Jumbo meraih tenggorokan raja besi dengan tangan kanannya, dan tenggorokan Harumerial dengan tangan kirinya, lalu mengangkat keduanya tinggi-tinggi.
Para dwarf yang sebelumnya beterbangan di udara berjatuhan di sekelilingnya, tak ubahnya seperti rintik hujan yang tak berarti.
“Mungkin saja…”
Apa itu? Perasaan apa yang merembes dari dalam suara Jumbo yang begitu dalam? Rasa iba? Walaupun tindakannya sekejam dan seganas vonis langit?
“Itu mungkin pilihan yang lebih bijak. Jika kalian menyerah pada kami, kami tak punya pilihan selain menyerahkan kalian pada Raja Agung Dif Gogun. Nasib yang menanti kalian di tangannya pasti lebih buruk dari kematian. Karena itu, biarlah aku sendiri yang memikul dosa membunuh kalian. Selamat tinggal.”
Siapa sebenarnya orc ini menganggap dirinya? Tak ada kebencian dalam dirinya. Tidak seujung kuku pun permusuhan bisa dirasakan. Ia melampaui logika, akal sehat, emosi—semua hal itu—seakan berada di suatu tempat yang jauh di atasnya. Jika begitu, tak ada gunanya bertanya bagaimana ia bisa melakukan semua ini. Haruhiro bisa saja membakar semangatnya, melontarkan pidato panjang penuh kritik padanya, dan orc itu tak akan terusik sedikit pun.

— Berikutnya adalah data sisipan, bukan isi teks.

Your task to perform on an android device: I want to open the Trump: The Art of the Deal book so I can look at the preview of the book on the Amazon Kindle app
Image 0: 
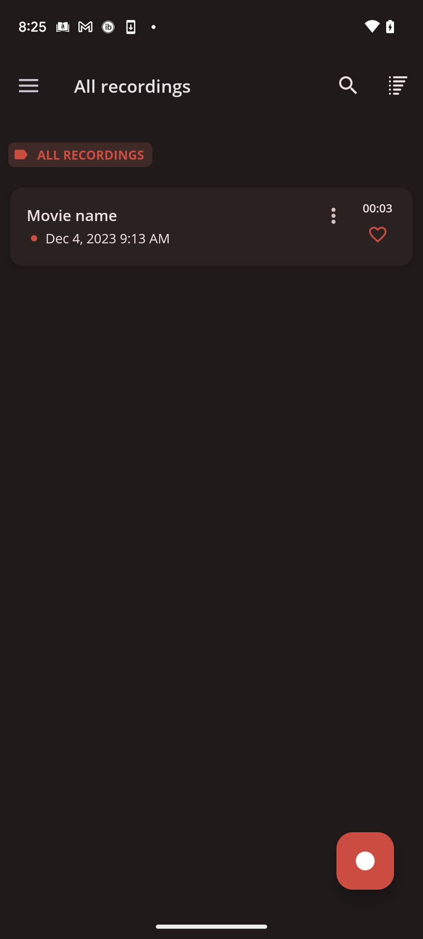
Open the Kindle app
Step 0: open app "Kindle"
Image 1: 
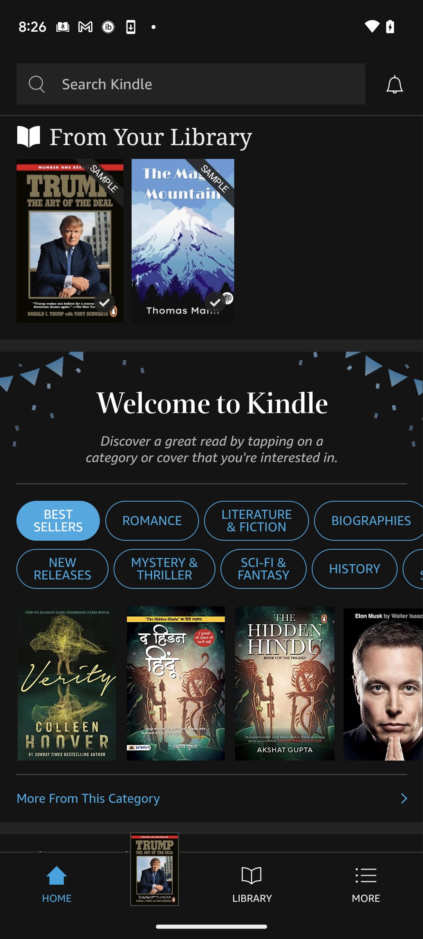
Click on the Trump book to open the book
Step 1: click (70, 241)
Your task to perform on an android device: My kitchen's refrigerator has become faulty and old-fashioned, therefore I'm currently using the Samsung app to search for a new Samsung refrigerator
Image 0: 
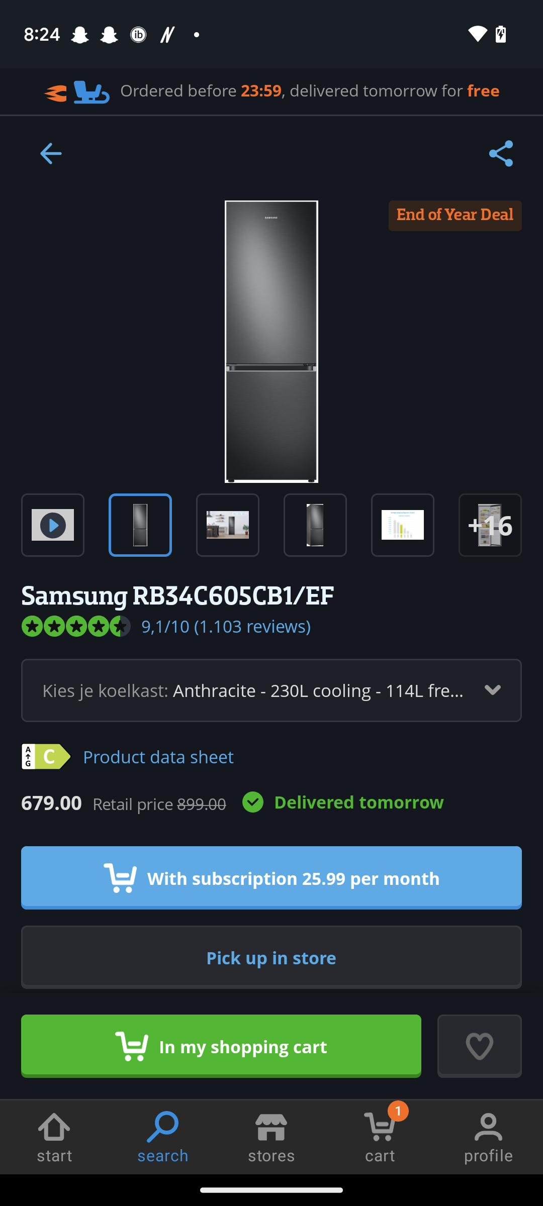
Open the Samsung app
Step 0: open app "Samsung Shop"
Image 2: 
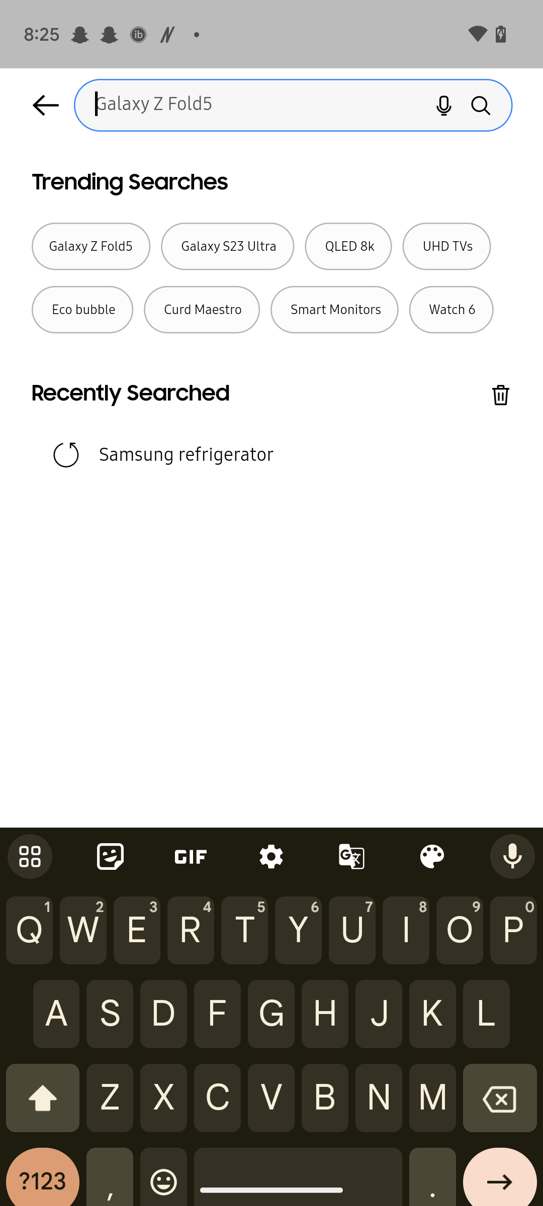
Type refrigerator in search bar
Step 2: type "refrigerator"
Image 3: 
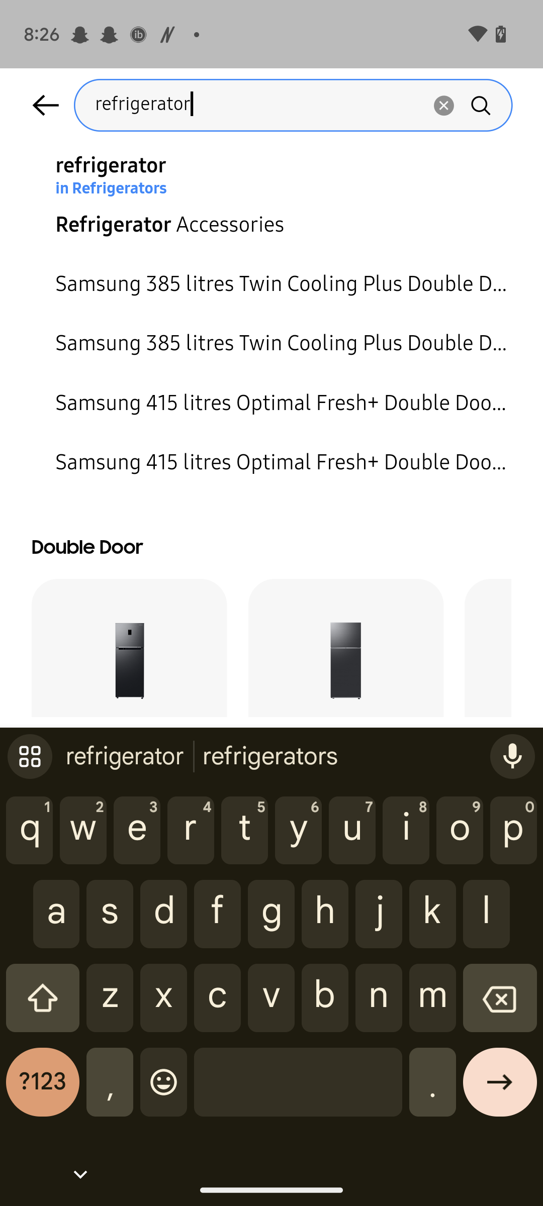
Click on the right arrow key 
Step 3: click (500, 1090)
Image 4: 
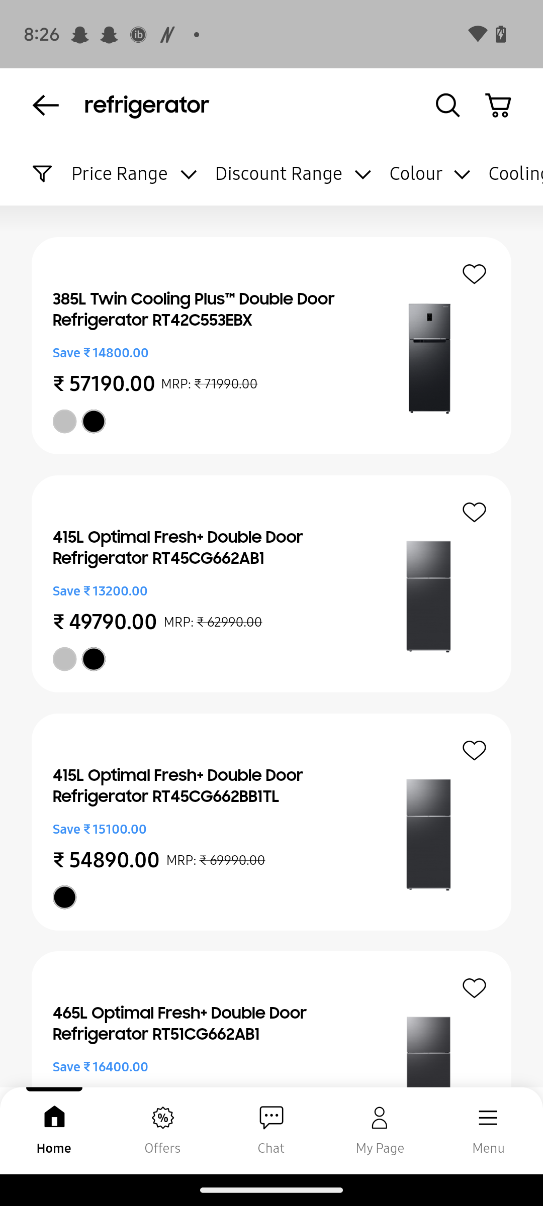
Click on the first refrigerator
Step 4: click (271, 346)

Dengan mudah, Jumbo menghancurkan tenggorokan raja besi dan Tetua Harumerial.
Ia tidak langsung melepaskan mereka setelahnya. Ia tetap menggantungkan tubuh mereka di udara untuk beberapa saat—mungkin cukup lama hingga keduanya benar-benar mati.
Lalu ia menekuk lutut, berjongkok, dan dengan lembut meletakkan jasad mereka di tanah.
“A-Apa yang kau… lakukan?”
Kuzaku gemetar. Haruhiro tidak mengerti mengapa, tapi entah kenapa sang paladin tampak dipenuhi amarah.
Kenapa harus marah? pikir Haruhiro. Apa gunanya meluapkan emosi pada seseorang seperti Jumbo? Dia bukan seperti kita. Jauh dari kita. Katakanlah ada dewa yang mahakuasa dan maha mengetahui di luar sana. Jika ia tahu segalanya dan mampu melakukan apa saja, kenapa ia tidak menolong kita?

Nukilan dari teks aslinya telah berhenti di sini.